# Harvesting Moss... will it grow underwater?



## tryank (Jan 12, 2012)

I went looking for wild moss the other day (near the Wyoming/Idaho border where there are some freshwater springs) and the only moss I found was growing on top of river rocks or by the side of the stream. There wasn't any that was fully submerged, just touching the water enough to get a little wet sponge effect. 

Will it grow submerged (underwater) in a planted tank?
Is it possible to identify exactly what type of moss it is?
-Like I said, the site was around a small stream and freshwater springs in the Rockies.




















And here is some that was not that close to the actual water source, so I'm guessing it wouldn't do that well fully underwater...










Anyone know or have any ideas?


----------



## MABJ (Mar 30, 2012)

The last looks like star moss Lolz.
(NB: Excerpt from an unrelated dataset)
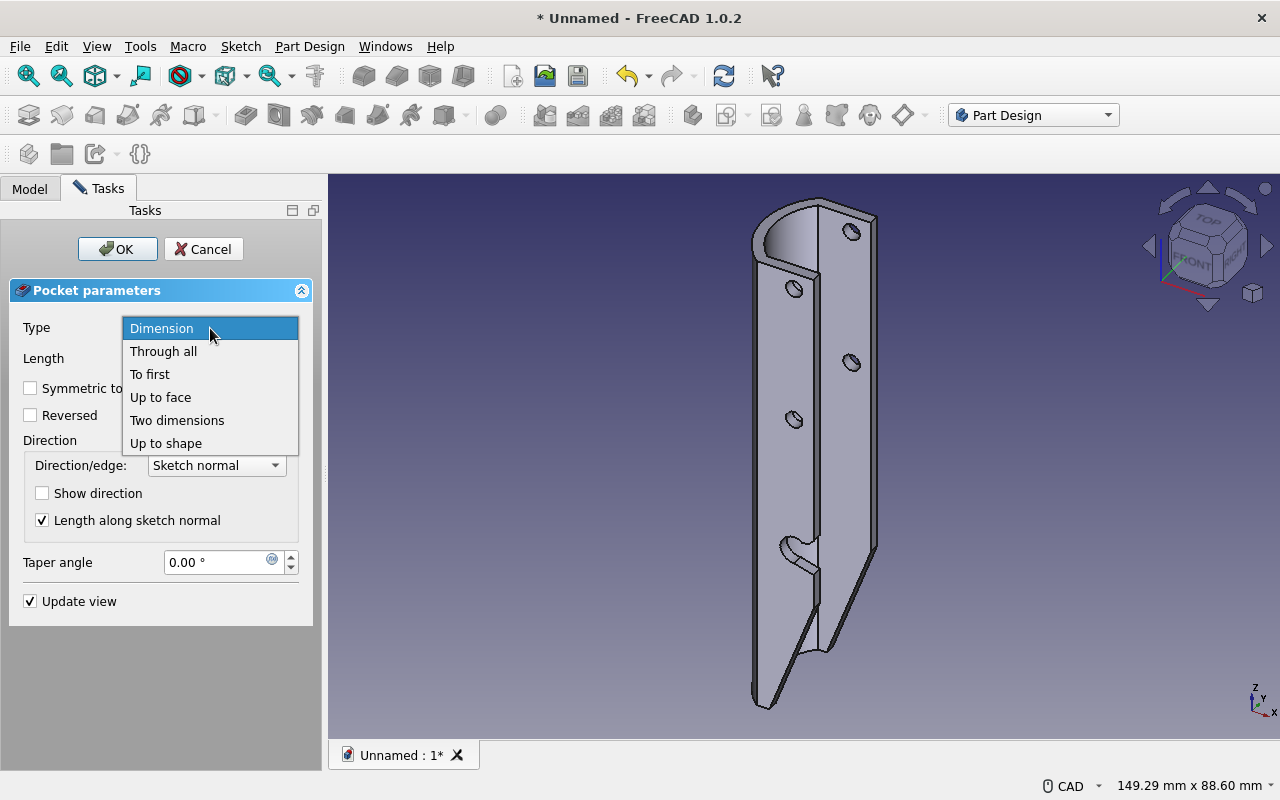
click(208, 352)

And from what I've heard? It doesn't do great underwater, but I know H4n has a variety that grows submerged. 

I'm no moss expert, but I'd just tell you that you can only learn by trying. Most mosses aren't truly aquatics, they just grow in water as well as on land. 


MABJ's iDevice used for this message


----------



## BenderBendingRodriguez (Aug 29, 2009)

I've tried some that I've found out in the wild in the past and some lived underwater and some didn't you just have to try it. Some of the ones I've got to live underwater have changed in growth form and look nothing like they did terrestrially. Just give it a shot and let us know how it works out. Who knows you may discover a new variety of moss.


----------



## ADJAquariums (Jul 5, 2012)

All i can say is give it a shot, probably try it in a tank that isnt your main first because if it doesnt survive it could become a huge mess if it falls apart


----------



## tryank (Jan 12, 2012)

Thanks for the feedback. I'll make another post when I actually put some of it in a tank. I think I'll try both types just to see what happens.


----------



## Couesfanatic (Sep 28, 2009)

let us know how it goes, look fun.


----------